BEGIN

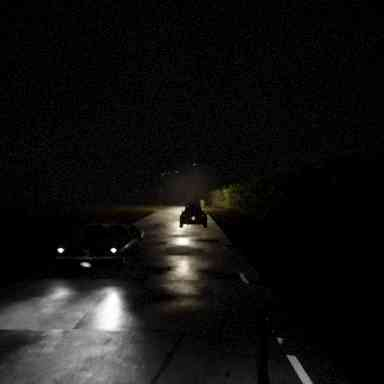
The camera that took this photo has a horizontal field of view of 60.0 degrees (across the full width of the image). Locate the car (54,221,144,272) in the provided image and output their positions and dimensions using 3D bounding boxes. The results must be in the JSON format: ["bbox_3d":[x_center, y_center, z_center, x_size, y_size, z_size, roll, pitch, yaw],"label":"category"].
[{"bbox_3d":[-2.850,1.682,11.183,1.895,1.301,4.718,0,0,0],"label":"car"}]

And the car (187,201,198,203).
[{"bbox_3d":[0.106,1.874,41.878,1.882,1.535,5.008,0,-1,0],"label":"car"}]

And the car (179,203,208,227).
[{"bbox_3d":[0.102,1.755,24.372,1.994,1.385,4.181,0,0,0],"label":"car"}]
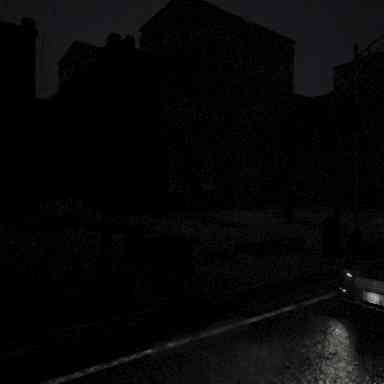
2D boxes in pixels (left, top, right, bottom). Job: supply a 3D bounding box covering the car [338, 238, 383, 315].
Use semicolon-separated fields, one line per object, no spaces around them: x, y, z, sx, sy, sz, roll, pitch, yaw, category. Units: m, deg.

END

• **Problem to solve**
When you print the entries, keep every line exactly as it is and drop the pictures.

• **Exercise answer**
The camera that took this photo has a horizontal field of view of 60.0 degrees (across the full width of the image). Locate the car (54,221,144,272) in the provided image and output their positions and dimensions using 3D bounding boxes. The results must be in the JSON format: ["bbox_3d":[x_center, y_center, z_center, x_size, y_size, z_size, roll, pitch, yaw],"label":"category"].
[{"bbox_3d":[-2.850,1.682,11.183,1.895,1.301,4.718,0,0,0],"label":"car"}]

And the car (187,201,198,203).
[{"bbox_3d":[0.106,1.874,41.878,1.882,1.535,5.008,0,-1,0],"label":"car"}]

And the car (179,203,208,227).
[{"bbox_3d":[0.102,1.755,24.372,1.994,1.385,4.181,0,0,0],"label":"car"}]
2D boxes in pixels (left, top, right, bottom). Job: supply a 3D bounding box covering the car [338, 238, 383, 315].
Use semicolon-separated fields, one line per object, no spaces around them: x, y, z, sx, sy, sz, roll, pitch, yaw, category. Units: m, deg.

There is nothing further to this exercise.